Handler and warden? Or handler and subordinate? Either way, she doesn’t like the position.

Valentine’s eyes sweep over us. “Listen.”

Honey laughs once. “No.”

Valentine doesn’t react. “You are being transferred off-island.”

Ghost’s shoulders jerk. “Transferred where?”

Valentine’s gaze slides to Ghost. “To the mainland. The mission is simple—”

Bones speaks without raising his voice. “Under what authority?”

Seytan’s mouth twitches.

Valentine answers, “Not yours to question.”

Bones’s mouth curves.

Valentine’s eyes sharpen a fraction. “It is under Project Marrow authority.”

There it is.

Project Marrow. Not asylum. Not facility. Not island.
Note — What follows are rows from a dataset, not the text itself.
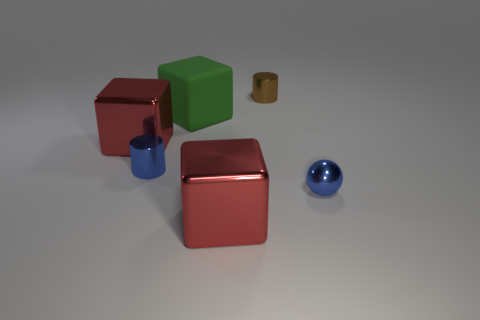Is there anything else that has the same material as the green thing?
Your answer should be very brief. No. There is a metallic sphere; does it have the same size as the red object that is to the left of the green rubber thing?
Provide a succinct answer. No. How many metal things are big green objects or cylinders?
Provide a short and direct response. 2. How many red metal things have the same shape as the brown object?
Offer a terse response. 0. There is a tiny cylinder that is the same color as the small shiny sphere; what is it made of?
Your response must be concise. Metal. Does the blue object to the right of the brown metallic cylinder have the same size as the blue metal thing that is on the left side of the big green rubber thing?
Your answer should be compact. Yes. What shape is the small metal object behind the big rubber block?
Your response must be concise. Cylinder. What material is the blue thing that is the same shape as the small brown metal thing?
Provide a short and direct response. Metal. Is the size of the blue object that is right of the brown cylinder the same as the large matte thing?
Make the answer very short. No. How many large green matte cubes are behind the small blue sphere?
Give a very brief answer. 1.

Something above.

Seytan’s jaw tightens, and she can’t help herself.

“This is a mistake,” she says, voice calm but edged. “You’re unleashing unstable variables into an uncontrolled environment.”

Honey leans forward, grin vicious. “Unstable variable my arse.”

Seytan doesn’t look at him. “You’re all property—”

Valentine cuts in, flat. “Assets.”

The correction is small. Surgical.

It lands like a slap.

Seytan’s eyes flash. “Call them what you want. They destroy everything they touch.”

Valentine’s gaze doesn’t move from us. “Good.”

Seytan’s lips press together. “You’re doing this because of her.”

Valentine turns his head slightly – just enough that the shift is unmistakable.

“Careful,” he says.

Seytan smiles. “Truth makes you nervous now?”